**** Given information
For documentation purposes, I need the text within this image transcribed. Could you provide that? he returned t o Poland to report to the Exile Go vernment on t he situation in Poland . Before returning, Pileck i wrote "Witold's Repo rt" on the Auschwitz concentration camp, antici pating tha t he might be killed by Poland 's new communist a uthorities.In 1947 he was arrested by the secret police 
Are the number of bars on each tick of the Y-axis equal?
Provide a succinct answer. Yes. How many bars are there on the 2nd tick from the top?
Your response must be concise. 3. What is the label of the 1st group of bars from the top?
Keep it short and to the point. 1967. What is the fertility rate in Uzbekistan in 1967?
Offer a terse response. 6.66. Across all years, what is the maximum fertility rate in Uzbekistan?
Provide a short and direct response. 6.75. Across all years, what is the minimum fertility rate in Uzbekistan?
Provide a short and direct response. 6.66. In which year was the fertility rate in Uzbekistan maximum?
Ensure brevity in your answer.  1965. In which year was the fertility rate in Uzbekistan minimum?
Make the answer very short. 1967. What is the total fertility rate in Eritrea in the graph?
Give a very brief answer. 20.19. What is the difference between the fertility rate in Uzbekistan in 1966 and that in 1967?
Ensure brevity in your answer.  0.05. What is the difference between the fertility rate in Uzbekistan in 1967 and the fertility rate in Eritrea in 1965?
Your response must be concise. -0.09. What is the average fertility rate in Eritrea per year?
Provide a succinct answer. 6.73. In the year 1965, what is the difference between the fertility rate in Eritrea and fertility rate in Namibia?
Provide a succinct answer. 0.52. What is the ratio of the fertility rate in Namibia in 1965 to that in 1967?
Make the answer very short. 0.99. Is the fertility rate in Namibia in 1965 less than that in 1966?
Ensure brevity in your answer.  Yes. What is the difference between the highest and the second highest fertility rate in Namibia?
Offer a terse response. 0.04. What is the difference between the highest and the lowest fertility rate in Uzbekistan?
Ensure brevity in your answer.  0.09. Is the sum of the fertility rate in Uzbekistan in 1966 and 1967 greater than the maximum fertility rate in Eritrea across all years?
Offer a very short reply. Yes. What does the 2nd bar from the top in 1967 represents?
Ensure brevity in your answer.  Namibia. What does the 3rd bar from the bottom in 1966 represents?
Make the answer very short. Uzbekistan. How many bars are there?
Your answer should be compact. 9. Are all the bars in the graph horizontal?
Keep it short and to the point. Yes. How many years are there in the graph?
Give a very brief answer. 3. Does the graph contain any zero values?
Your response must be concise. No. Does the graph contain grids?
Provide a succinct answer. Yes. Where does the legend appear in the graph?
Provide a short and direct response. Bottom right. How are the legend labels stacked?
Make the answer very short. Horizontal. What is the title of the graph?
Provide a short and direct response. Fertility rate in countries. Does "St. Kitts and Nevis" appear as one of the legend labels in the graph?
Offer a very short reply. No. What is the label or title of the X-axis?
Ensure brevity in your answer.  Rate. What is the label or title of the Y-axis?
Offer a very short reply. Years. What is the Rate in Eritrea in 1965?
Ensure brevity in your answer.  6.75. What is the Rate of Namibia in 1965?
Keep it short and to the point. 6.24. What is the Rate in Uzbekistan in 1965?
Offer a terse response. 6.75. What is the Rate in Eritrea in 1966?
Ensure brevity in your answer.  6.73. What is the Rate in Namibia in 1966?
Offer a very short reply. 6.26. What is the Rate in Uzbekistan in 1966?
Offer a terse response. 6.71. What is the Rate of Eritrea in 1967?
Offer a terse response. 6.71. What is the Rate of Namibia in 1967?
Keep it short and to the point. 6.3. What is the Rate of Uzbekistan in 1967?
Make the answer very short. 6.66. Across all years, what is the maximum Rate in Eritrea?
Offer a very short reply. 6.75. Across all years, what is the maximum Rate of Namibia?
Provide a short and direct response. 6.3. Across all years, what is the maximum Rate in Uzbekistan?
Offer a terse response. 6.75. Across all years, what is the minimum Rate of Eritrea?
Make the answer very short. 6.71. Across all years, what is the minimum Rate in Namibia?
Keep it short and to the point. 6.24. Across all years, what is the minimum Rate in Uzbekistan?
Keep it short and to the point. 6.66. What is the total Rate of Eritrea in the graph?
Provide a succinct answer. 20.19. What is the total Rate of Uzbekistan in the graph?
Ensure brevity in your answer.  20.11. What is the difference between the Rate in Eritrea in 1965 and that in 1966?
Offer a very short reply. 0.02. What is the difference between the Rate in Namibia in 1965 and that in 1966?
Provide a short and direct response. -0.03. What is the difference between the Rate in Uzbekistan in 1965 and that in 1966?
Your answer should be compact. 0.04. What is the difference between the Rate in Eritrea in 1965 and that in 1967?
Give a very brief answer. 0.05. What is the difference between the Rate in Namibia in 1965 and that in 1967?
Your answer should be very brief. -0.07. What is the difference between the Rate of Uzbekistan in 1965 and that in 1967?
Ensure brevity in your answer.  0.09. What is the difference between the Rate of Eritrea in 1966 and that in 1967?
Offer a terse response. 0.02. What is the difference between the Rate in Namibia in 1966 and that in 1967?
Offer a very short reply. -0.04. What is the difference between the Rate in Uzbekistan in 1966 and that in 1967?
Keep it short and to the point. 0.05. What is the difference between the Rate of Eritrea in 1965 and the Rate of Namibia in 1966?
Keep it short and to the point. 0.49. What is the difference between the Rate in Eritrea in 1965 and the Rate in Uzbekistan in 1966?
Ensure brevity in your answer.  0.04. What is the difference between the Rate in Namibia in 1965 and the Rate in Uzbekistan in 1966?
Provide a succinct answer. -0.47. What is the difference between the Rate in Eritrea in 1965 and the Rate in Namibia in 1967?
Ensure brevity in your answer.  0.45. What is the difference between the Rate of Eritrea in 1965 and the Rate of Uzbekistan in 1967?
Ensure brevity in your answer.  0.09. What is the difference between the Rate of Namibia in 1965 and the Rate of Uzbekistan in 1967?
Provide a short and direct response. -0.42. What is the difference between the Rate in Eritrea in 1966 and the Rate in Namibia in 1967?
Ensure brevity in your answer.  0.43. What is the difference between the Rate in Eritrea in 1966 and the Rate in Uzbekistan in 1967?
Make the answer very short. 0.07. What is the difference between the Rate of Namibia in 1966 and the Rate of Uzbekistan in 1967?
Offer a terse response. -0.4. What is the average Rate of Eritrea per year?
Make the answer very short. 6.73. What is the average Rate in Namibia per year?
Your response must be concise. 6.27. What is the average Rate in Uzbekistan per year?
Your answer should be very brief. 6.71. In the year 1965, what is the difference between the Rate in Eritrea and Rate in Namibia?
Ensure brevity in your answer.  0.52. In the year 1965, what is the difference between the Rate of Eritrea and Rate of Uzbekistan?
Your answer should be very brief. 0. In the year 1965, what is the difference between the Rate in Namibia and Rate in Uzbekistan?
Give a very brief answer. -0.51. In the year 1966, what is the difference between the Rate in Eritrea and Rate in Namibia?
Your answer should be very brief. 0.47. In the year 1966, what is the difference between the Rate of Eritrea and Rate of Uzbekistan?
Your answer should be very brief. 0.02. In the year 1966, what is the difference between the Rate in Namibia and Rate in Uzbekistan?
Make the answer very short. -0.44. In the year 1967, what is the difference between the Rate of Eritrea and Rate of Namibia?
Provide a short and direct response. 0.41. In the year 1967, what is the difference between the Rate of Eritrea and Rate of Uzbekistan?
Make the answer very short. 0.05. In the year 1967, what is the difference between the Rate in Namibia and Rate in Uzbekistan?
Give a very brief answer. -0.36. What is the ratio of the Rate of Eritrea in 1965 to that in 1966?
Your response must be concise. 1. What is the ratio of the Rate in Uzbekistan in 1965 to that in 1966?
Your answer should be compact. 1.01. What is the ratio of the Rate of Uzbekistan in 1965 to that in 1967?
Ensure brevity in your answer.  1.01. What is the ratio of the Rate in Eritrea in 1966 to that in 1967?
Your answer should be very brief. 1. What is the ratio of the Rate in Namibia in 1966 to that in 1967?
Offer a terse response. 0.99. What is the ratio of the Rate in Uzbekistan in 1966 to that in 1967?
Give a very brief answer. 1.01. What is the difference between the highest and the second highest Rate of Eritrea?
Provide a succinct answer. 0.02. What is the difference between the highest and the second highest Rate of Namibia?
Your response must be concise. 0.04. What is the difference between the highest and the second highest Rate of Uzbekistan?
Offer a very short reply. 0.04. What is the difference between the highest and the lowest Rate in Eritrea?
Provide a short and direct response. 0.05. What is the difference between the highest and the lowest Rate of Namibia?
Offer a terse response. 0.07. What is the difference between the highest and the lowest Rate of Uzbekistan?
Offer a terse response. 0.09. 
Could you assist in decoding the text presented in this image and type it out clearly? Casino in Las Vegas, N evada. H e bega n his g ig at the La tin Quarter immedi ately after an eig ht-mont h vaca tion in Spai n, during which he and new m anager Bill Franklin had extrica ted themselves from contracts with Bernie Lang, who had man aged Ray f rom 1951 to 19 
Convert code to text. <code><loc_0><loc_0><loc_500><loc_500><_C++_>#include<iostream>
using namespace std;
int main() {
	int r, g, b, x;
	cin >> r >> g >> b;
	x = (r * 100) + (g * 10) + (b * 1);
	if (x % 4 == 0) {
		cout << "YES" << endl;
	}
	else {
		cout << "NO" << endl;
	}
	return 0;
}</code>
********
#### [Task to complete]
Return, word for word, the lines of the data above from the line with "Give a very brief answer. -0.51." through the line with "Make the answer very short. 0.05.", inclusive.

#### [Your response]
Give a very brief answer. -0.51. In the year 1966, what is the difference between the Rate in Eritrea and Rate in Namibia?
Your answer should be very brief. 0.47. In the year 1966, what is the difference between the Rate of Eritrea and Rate of Uzbekistan?
Your answer should be very brief. 0.02. In the year 1966, what is the difference between the Rate in Namibia and Rate in Uzbekistan?
Make the answer very short. -0.44. In the year 1967, what is the difference between the Rate of Eritrea and Rate of Namibia?
Provide a short and direct response. 0.41. In the year 1967, what is the difference between the Rate of Eritrea and Rate of Uzbekistan?
Make the answer very short. 0.05. In the year 1967, what is the difference between the Rate in Namibia and Rate in Uzbekistan?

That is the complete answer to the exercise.